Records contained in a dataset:
'''

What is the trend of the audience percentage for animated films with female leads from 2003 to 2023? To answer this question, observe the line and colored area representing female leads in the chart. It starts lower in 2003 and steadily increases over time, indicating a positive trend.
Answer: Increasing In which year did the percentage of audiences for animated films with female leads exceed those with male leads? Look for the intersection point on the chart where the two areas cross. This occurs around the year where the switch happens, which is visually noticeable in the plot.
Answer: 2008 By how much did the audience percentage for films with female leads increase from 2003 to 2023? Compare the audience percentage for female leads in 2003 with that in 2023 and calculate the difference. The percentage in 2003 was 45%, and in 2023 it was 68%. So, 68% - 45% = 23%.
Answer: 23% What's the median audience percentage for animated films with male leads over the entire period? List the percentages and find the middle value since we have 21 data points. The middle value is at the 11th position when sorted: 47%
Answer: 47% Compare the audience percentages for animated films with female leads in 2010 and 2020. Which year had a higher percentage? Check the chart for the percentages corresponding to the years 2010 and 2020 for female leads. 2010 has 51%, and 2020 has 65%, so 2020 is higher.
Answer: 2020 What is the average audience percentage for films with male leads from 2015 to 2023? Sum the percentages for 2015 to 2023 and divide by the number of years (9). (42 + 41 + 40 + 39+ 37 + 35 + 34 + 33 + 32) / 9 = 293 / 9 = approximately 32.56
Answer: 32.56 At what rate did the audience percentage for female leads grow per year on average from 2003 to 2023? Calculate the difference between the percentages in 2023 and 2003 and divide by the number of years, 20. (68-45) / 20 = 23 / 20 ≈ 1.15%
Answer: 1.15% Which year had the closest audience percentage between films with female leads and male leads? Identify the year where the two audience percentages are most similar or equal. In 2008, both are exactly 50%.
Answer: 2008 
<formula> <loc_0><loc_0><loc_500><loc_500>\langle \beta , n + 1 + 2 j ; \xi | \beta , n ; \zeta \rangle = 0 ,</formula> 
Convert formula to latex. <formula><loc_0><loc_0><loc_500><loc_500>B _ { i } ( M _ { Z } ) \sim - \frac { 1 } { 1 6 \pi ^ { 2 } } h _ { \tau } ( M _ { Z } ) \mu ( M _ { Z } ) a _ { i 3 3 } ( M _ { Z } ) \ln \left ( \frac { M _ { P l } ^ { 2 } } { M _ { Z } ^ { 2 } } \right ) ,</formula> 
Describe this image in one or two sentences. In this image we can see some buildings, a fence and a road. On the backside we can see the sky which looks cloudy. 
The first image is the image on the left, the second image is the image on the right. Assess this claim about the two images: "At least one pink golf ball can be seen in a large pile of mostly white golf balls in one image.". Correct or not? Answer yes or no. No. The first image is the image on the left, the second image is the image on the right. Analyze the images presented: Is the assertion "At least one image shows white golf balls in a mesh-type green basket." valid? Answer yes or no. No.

'''

Activity: All that belongs in the answer is an exact copy of the lines from the start of the records above through the line with "Answer: Increasing In".

Your solution:
What is the trend of the audience percentage for animated films with female leads from 2003 to 2023? To answer this question, observe the line and colored area representing female leads in the chart. It starts lower in 2003 and steadily increases over time, indicating a positive trend.
Answer: Increasing In which year did the percentage of audiences for animated films with female leads exceed those with male leads? Look for the intersection point on the chart where the two areas cross. This occurs around the year where the switch happens, which is visually noticeable in the plot.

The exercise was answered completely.